The context window is the headline
Specs that matter for builders:
- 1,048,576 input tokens — over one million in a single call
- 65,536 maximum output tokens
- Knowledge cutoff: January 2025
- Full multimodal input: text, image, video, audio
- Available in the Gemini app, AI Mode in Google Search, the Gemini API, Google Antigravity, and Vertex AI
A 1M-token context plus a 65K-token output ceiling is what an agent needs to read a real codebase, plan a multi-step refactor, and write back the resulting changes in one round trip. That is what the benchmark numbers reflect — and it is the reason the price climbed.
Who this is actually for
If you are running a chat product on Flash-tier economics, this release stings. The cheap workhorse you priced your unit margins around just tripled in cost. Google's bet is that you will eat it, because the agent capability is now worth more than the cost delta.
If you are building agents — terminal automation, browser control, multi-tool workflows — this is the moment Flash graduates. MCP Atlas at 83.6% means the failure rate on tool sequences just dropped enough to ship products that previously fell apart in production.
If you are doing pure reasoning research, stay on 3.1 Pro until Gemini 3.5 Pro ships — Google has confirmed it is internal-only today and rolling out in June 2026.
The Bottom Line
Gemini 3.5 Flash is not a faster, cheaper Flash. It is a new product category: a Pro-tier agentic model wearing a Flash badge, priced between the two tiers it disrupts. The naming is misleading on purpose. Google wants developers to default to 3.5 Flash for everything that involves tools, and reserve Pro for the long-tail of pure reasoning work.

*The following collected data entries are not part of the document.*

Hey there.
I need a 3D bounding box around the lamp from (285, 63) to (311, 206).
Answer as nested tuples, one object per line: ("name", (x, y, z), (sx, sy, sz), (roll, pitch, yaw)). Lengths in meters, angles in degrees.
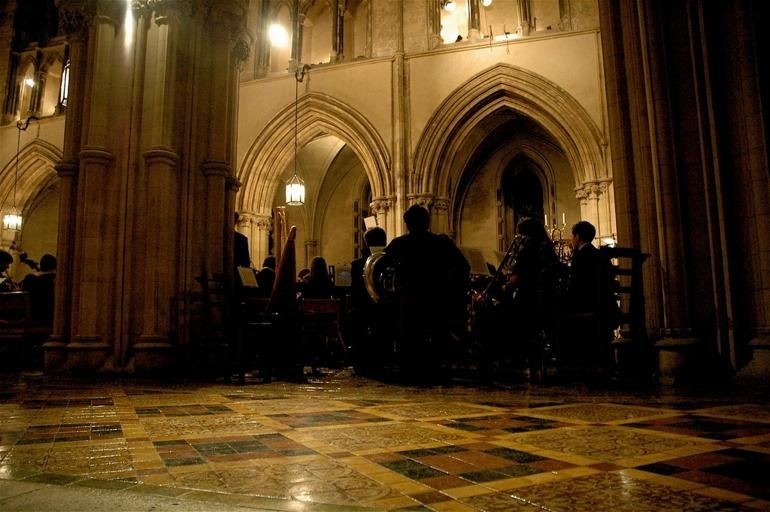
("lamp", (-2.538, -3.155, 18.385), (0.902, 5.649, 0.819), (-1, -7, 7))
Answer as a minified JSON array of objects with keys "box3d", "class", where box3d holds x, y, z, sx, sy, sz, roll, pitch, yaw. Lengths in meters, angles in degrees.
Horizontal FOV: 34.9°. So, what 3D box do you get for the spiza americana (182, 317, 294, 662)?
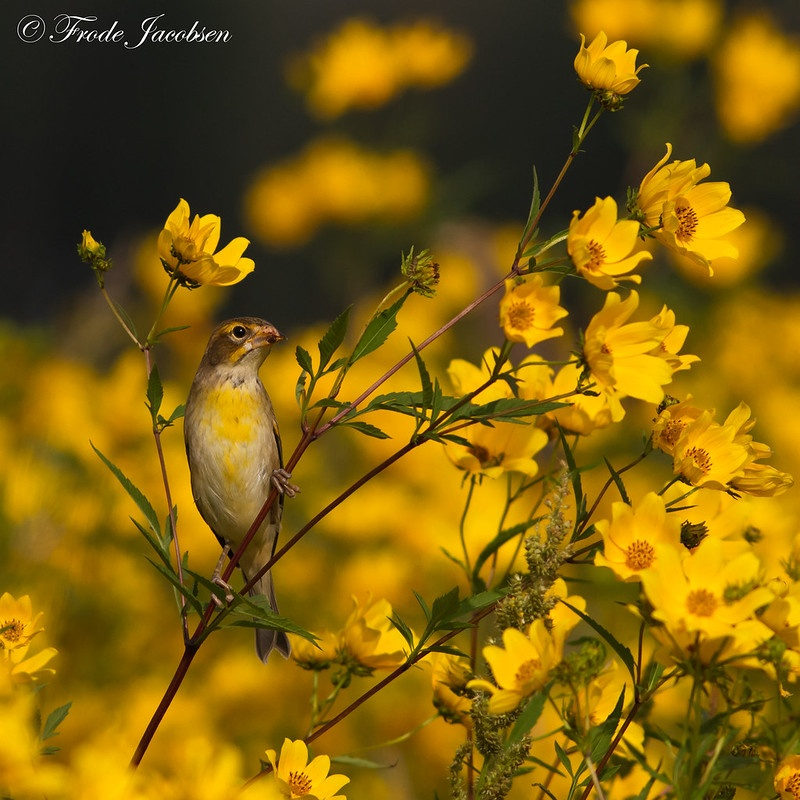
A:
[{"box3d":[-0.333,0.205,2.597,0.205,0.744,0.413,-3,10,-3],"class":"spiza americana"}]
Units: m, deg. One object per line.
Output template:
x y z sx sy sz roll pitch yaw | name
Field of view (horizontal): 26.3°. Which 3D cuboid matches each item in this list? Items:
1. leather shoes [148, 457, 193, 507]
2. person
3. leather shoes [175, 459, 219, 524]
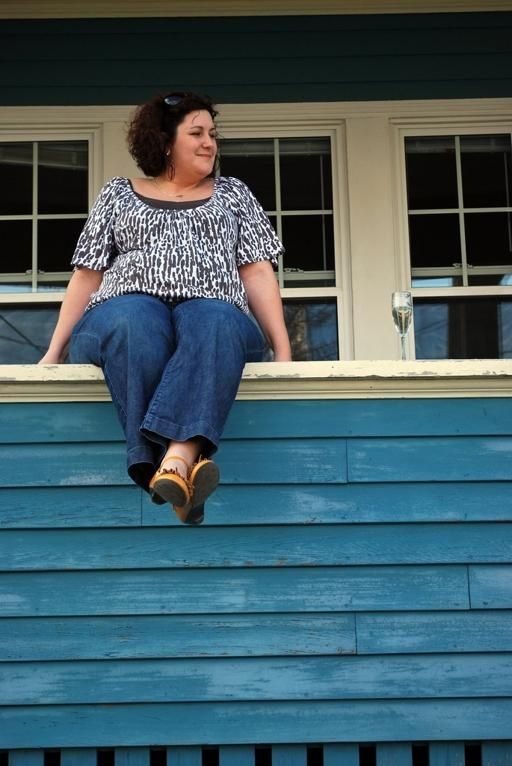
-0.188 0.229 2.435 0.059 0.056 0.144 -29 -29 -15 | leather shoes
-0.184 -0.223 2.803 0.564 1.162 0.550 6 -13 -42 | person
-0.125 0.243 2.500 0.069 0.075 0.187 -21 -38 -30 | leather shoes
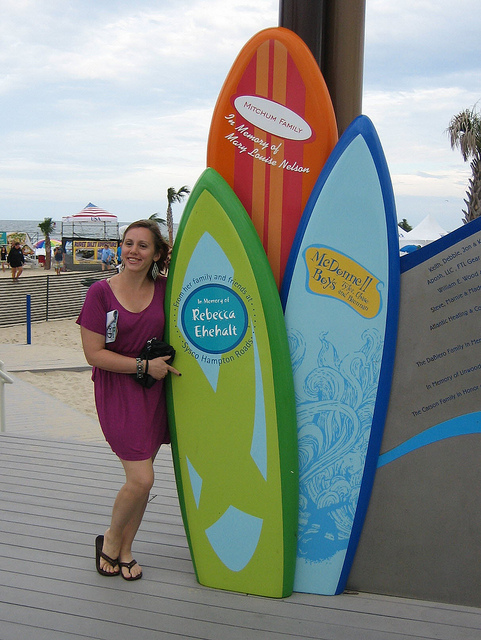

The real question is what comes next. If 3.5 Flash already beats 3.1 Pro on agent benchmarks, what does 3.5 Pro look like when it lands next month? Either it leaps the frontier again, or it quietly confirms that Flash is now the line that matters — and Pro is the prestige tier nobody actually deploys.
Either answer reshapes the price-per-token wars that defined 2024 and 2025. Watch June.